Records from a dataset:
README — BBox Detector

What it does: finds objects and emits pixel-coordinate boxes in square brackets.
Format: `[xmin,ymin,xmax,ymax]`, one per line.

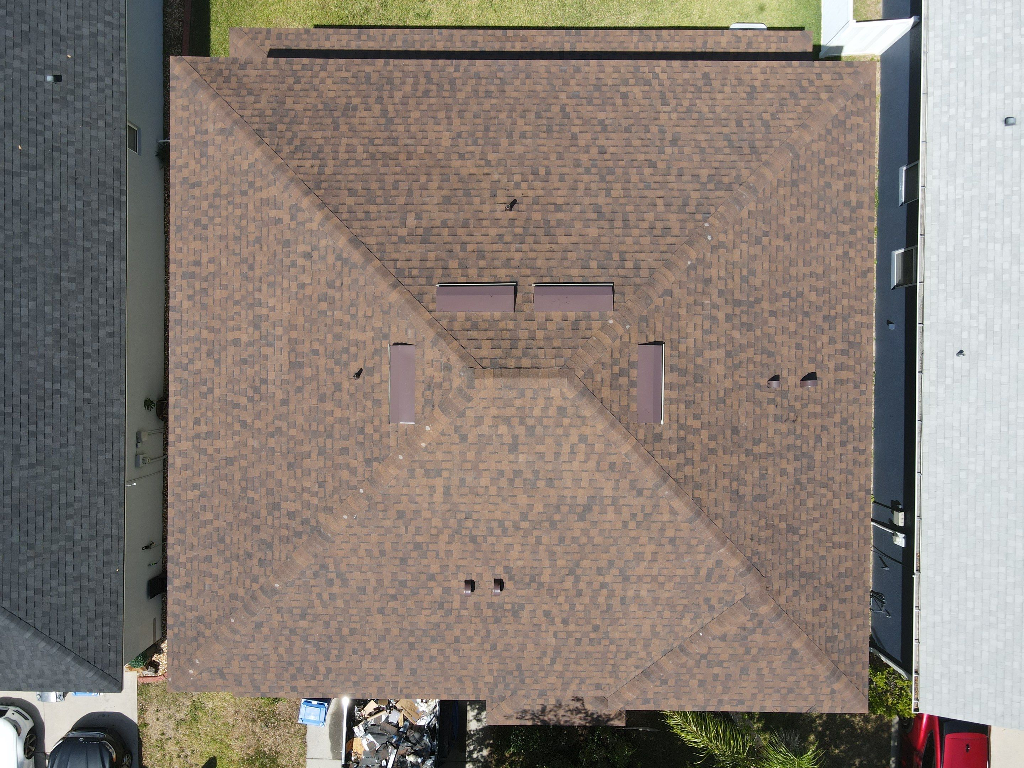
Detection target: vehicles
[891,681,993,768]
[0,708,41,768]
[49,726,137,768]
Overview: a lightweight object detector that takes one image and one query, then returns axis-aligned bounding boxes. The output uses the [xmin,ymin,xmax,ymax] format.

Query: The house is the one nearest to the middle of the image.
[166,26,877,727]

ACTION ITEM:
Copy all the records word for word and keep the pictures out.

ANSWER SECTION:
README — BBox Detector

What it does: finds objects and emits pixel-coordinate boxes in square brackets.
Format: `[xmin,ymin,xmax,ymax]`, one per line.

Detection target: vehicles
[891,681,993,768]
[0,708,41,768]
[49,726,137,768]
Overview: a lightweight object detector that takes one image and one query, then returns axis-aligned bounding boxes. The output uses the [xmin,ymin,xmax,ymax] format.

Query: The house is the one nearest to the middle of the image.
[166,26,877,727]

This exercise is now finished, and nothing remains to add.